*Data provided*
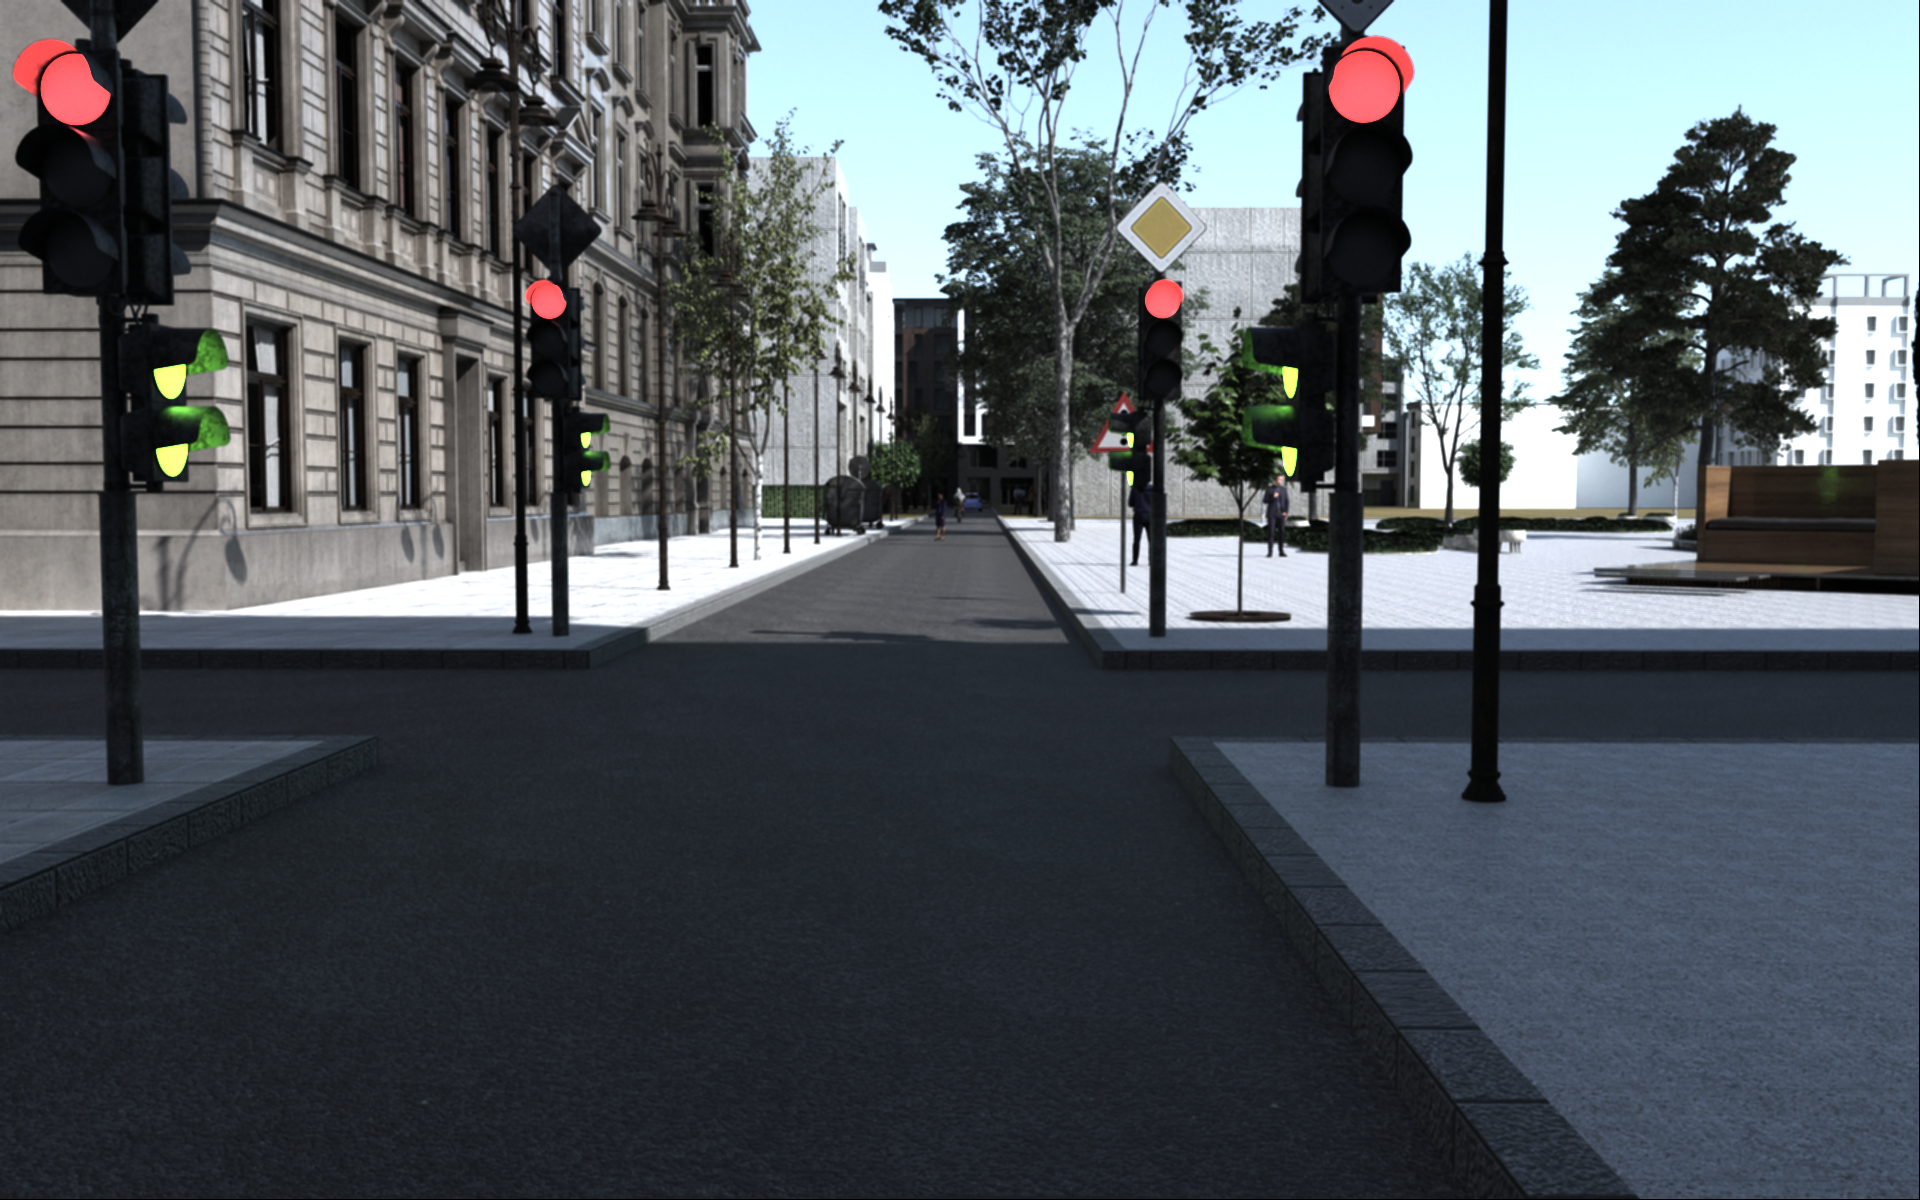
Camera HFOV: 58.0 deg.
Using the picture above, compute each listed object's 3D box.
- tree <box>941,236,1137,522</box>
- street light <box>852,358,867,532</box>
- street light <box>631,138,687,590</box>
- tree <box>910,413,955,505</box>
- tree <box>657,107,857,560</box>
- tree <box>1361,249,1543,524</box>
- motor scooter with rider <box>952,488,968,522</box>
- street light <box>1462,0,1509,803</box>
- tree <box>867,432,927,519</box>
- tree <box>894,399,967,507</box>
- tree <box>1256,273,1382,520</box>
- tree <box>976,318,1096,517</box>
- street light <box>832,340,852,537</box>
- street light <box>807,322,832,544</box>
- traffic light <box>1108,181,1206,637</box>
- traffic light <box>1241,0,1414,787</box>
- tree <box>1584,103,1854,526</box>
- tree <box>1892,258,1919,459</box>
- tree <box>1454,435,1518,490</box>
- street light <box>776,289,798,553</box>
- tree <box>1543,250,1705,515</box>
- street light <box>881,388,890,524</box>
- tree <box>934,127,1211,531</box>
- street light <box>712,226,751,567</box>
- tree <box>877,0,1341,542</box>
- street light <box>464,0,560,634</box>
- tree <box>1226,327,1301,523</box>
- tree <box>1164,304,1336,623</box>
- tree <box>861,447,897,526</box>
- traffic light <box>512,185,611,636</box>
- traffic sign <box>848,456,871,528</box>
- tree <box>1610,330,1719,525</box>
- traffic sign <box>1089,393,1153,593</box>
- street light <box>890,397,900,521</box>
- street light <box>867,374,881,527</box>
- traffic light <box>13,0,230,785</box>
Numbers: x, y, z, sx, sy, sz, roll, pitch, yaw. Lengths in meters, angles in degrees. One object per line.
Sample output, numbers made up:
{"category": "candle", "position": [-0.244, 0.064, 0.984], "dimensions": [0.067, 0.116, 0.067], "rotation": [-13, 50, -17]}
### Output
{"category": "tree", "position": [4.377, -10.366, 79.859], "dimensions": [12.009, 13.543, 11.850], "rotation": [0, 3, 0]}
{"category": "street light", "position": [-3.582, -5.281, 59.130], "dimensions": [0.468, 5.910, 1.993], "rotation": [0, 4, 1]}
{"category": "street light", "position": [-3.966, -3.071, 23.003], "dimensions": [0.468, 5.910, 1.993], "rotation": [0, 4, 1]}
{"category": "tree", "position": [-2.665, -12.588, 156.168], "dimensions": [4.737, 8.622, 4.395], "rotation": [0, 3, 0]}
{"category": "tree", "position": [-3.952, -5.089, 33.572], "dimensions": [4.737, 8.622, 4.395], "rotation": [0, 3, 0]}
{"category": "tree", "position": [21.196, -9.132, 75.068], "dimensions": [9.928, 11.665, 9.643], "rotation": [0, 3, 0]}
{"category": "motor scooter with rider", "position": [0.007, -4.879, 88.737], "dimensions": [0.876, 1.779, 1.986], "rotation": [0, 4, 2]}
{"category": "street light", "position": [2.204, -2.099, 7.109], "dimensions": [0.468, 5.910, 1.993], "rotation": [0, 4, 1]}
{"category": "tree", "position": [-3.570, -6.582, 91.335], "dimensions": [4.285, 4.588, 4.351], "rotation": [0, 3, 0]}
{"category": "tree", "position": [-3.522, -14.331, 168.723], "dimensions": [8.767, 10.594, 7.601], "rotation": [-1, 4, -9]}
{"category": "tree", "position": [17.038, -9.886, 83.686], "dimensions": [6.751, 12.117, 7.091], "rotation": [0, 3, 0]}
{"category": "tree", "position": [4.445, -10.370, 95.312], "dimensions": [9.928, 11.665, 9.643], "rotation": [0, 3, 0]}
{"category": "street light", "position": [-3.649, -4.843, 51.966], "dimensions": [0.468, 5.910, 1.993], "rotation": [0, 4, 1]}
{"category": "street light", "position": [-3.684, -4.386, 44.493], "dimensions": [0.468, 5.910, 1.993], "rotation": [0, 4, 1]}
{"category": "traffic light", "position": [1.764, -1.607, 15.516], "dimensions": [0.839, 4.213, 0.868], "rotation": [0, 4, 1]}
{"category": "traffic light", "position": [1.670, -1.118, 7.532], "dimensions": [0.839, 4.213, 0.868], "rotation": [0, 4, 1]}
{"category": "tree", "position": [21.195, -7.763, 48.978], "dimensions": [6.751, 12.117, 7.091], "rotation": [0, 3, 0]}
{"category": "tree", "position": [49.385, -10.867, 79.490], "dimensions": [13.155, 14.587, 18.604], "rotation": [0, 4, -6]}
{"category": "tree", "position": [27.037, -6.457, 89.278], "dimensions": [4.285, 4.588, 4.351], "rotation": [0, 3, 0]}
{"category": "street light", "position": [-3.749, -3.947, 37.329], "dimensions": [0.468, 5.910, 1.993], "rotation": [0, 4, 1]}
{"category": "tree", "position": [31.255, -9.954, 80.881], "dimensions": [7.486, 12.596, 7.792], "rotation": [0, 3, 0]}
{"category": "street light", "position": [-3.379, -6.179, 73.819], "dimensions": [0.468, 5.910, 1.993], "rotation": [0, 4, 1]}
{"category": "tree", "position": [3.834, -9.419, 60.663], "dimensions": [9.857, 13.997, 8.962], "rotation": [0, 3, 0]}
{"category": "street light", "position": [-3.961, -3.509, 30.167], "dimensions": [0.468, 5.910, 1.993], "rotation": [0, 4, 1]}
{"category": "tree", "position": [3.904, -11.558, 44.863], "dimensions": [12.611, 20.169, 13.585], "rotation": [0, 3, 0]}
{"category": "street light", "position": [-4.040, -2.631, 15.811], "dimensions": [0.468, 5.910, 1.993], "rotation": [0, 4, 1]}
{"category": "tree", "position": [13.432, -7.686, 76.036], "dimensions": [4.737, 8.622, 4.395], "rotation": [0, 3, 0]}
{"category": "tree", "position": [2.858, -1.421, 17.838], "dimensions": [1.663, 3.219, 1.824], "rotation": [0, 3, 0]}
{"category": "tree", "position": [-3.654, -4.666, 70.892], "dimensions": [1.663, 3.219, 1.824], "rotation": [0, 3, 0]}
{"category": "traffic light", "position": [-3.598, -1.610, 15.563], "dimensions": [0.839, 4.213, 0.868], "rotation": [0, 4, 1]}
{"category": "traffic sign", "position": [-3.333, -3.500, 57.329], "dimensions": [0.768, 2.556, 0.104], "rotation": [1, 4, 9]}
{"category": "tree", "position": [29.926, -7.490, 72.820], "dimensions": [4.737, 8.622, 4.395], "rotation": [0, 3, 0]}
{"category": "traffic sign", "position": [2.111, -1.368, 22.371], "dimensions": [0.884, 2.594, 0.081], "rotation": [0, 4, 2]}
{"category": "street light", "position": [-3.219, -6.621, 81.034], "dimensions": [0.468, 5.910, 1.993], "rotation": [0, 4, 1]}
{"category": "street light", "position": [-3.439, -5.726, 66.409], "dimensions": [0.468, 5.910, 1.993], "rotation": [0, 4, 1]}
{"category": "traffic light", "position": [-3.691, -1.121, 7.578], "dimensions": [0.839, 4.213, 0.868], "rotation": [0, 4, 1]}
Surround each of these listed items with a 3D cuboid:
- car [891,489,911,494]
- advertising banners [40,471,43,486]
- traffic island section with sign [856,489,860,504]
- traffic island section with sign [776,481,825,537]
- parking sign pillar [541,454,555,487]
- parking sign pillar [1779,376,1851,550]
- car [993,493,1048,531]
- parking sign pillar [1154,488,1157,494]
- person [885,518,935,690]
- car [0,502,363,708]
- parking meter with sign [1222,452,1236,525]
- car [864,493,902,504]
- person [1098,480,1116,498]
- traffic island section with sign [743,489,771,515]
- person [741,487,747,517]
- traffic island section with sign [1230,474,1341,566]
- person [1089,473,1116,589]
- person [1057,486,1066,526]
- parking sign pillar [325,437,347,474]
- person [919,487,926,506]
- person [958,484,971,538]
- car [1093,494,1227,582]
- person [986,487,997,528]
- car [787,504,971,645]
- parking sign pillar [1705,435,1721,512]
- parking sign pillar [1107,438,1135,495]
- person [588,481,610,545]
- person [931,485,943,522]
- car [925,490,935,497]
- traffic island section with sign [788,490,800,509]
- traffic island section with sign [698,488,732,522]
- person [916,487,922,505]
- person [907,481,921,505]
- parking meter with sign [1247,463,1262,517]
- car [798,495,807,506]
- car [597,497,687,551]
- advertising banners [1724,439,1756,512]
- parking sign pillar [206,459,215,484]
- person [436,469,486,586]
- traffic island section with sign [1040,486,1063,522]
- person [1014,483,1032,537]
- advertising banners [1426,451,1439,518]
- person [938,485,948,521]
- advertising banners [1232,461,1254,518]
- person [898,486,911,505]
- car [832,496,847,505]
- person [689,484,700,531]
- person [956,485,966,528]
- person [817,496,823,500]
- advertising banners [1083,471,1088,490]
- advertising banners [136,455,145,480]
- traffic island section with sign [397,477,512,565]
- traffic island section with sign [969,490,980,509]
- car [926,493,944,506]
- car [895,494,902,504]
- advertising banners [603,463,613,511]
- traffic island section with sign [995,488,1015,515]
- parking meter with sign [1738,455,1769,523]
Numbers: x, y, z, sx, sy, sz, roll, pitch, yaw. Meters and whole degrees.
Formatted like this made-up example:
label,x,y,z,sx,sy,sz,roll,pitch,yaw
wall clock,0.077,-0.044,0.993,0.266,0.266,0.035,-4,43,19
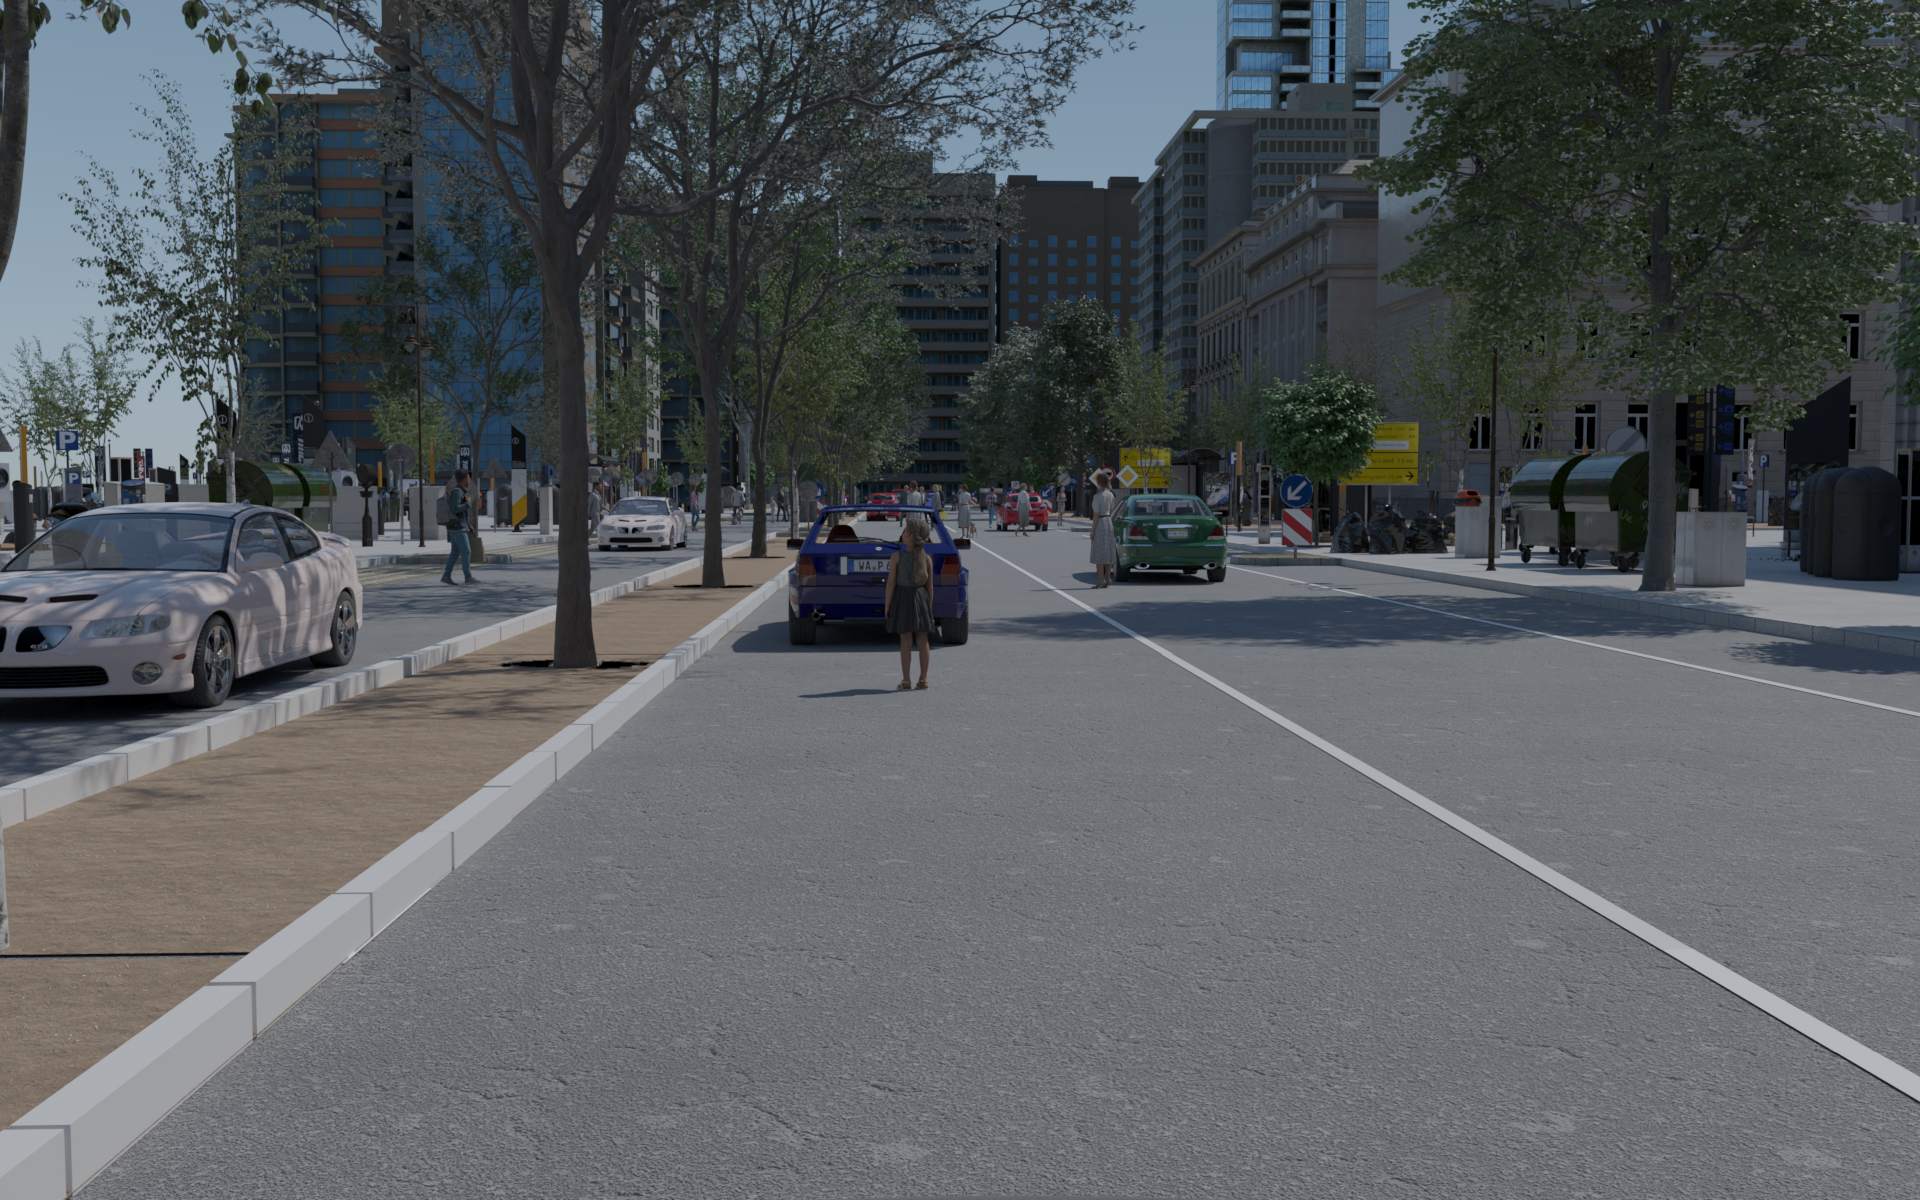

*Aim of the exercise*
Your copy should hold exactly and only the lines from the one containing "- person [958,484,971,538]" through the end of the material, inclusive, repeated word for word and without pictures.

*Finished exercise*
- person [958,484,971,538]
- car [1093,494,1227,582]
- person [986,487,997,528]
- car [787,504,971,645]
- parking sign pillar [1705,435,1721,512]
- parking sign pillar [1107,438,1135,495]
- person [588,481,610,545]
- person [931,485,943,522]
- car [925,490,935,497]
- traffic island section with sign [788,490,800,509]
- traffic island section with sign [698,488,732,522]
- person [916,487,922,505]
- person [907,481,921,505]
- parking meter with sign [1247,463,1262,517]
- car [798,495,807,506]
- car [597,497,687,551]
- advertising banners [1724,439,1756,512]
- parking sign pillar [206,459,215,484]
- person [436,469,486,586]
- traffic island section with sign [1040,486,1063,522]
- person [1014,483,1032,537]
- advertising banners [1426,451,1439,518]
- person [938,485,948,521]
- advertising banners [1232,461,1254,518]
- person [898,486,911,505]
- car [832,496,847,505]
- person [689,484,700,531]
- person [956,485,966,528]
- person [817,496,823,500]
- advertising banners [1083,471,1088,490]
- advertising banners [136,455,145,480]
- traffic island section with sign [397,477,512,565]
- traffic island section with sign [969,490,980,509]
- car [926,493,944,506]
- car [895,494,902,504]
- advertising banners [603,463,613,511]
- traffic island section with sign [995,488,1015,515]
- parking meter with sign [1738,455,1769,523]
Numbers: x, y, z, sx, sy, sz, roll, pitch, yaw. Meters and whole degrees.
Formatted like this made-up example:
label,x,y,z,sx,sy,sz,roll,pitch,yaw
wall clock,0.077,-0.044,0.993,0.266,0.266,0.035,-4,43,19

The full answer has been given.